Instructions for the task: If a line in the listing below includes the word "Console", pick it out.

Supplied data:
============

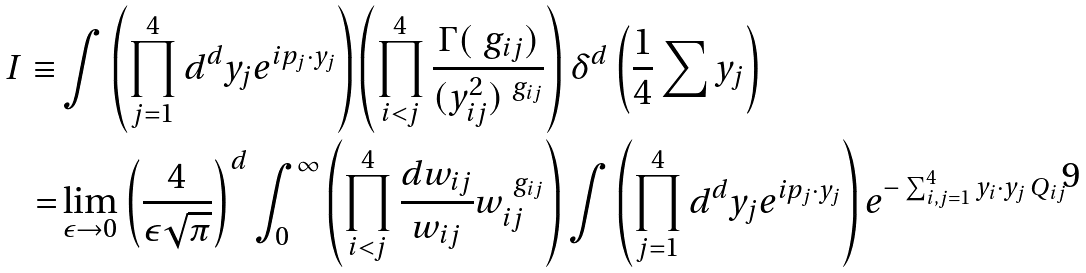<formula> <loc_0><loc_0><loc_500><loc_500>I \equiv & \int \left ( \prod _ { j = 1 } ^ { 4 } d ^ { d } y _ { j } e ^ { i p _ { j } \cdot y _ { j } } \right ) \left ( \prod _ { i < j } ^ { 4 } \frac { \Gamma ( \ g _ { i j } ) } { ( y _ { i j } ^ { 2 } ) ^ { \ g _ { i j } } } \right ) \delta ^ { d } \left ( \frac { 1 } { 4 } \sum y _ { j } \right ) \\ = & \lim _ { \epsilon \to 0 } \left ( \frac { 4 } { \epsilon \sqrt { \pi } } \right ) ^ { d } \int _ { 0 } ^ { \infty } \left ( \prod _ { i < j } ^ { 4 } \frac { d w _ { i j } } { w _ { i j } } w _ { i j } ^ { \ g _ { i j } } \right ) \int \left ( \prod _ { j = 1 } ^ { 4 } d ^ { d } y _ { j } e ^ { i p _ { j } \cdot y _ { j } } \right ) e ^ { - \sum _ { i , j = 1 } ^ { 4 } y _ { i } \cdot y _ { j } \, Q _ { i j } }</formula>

============

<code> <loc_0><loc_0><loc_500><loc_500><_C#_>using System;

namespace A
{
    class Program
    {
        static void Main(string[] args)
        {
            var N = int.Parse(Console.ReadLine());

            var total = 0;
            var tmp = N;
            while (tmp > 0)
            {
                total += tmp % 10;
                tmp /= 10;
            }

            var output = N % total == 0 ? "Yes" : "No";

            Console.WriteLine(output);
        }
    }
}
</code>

============

Answer for this exercise:
            var N = int.Parse(Console.ReadLine());
            Console.WriteLine(output);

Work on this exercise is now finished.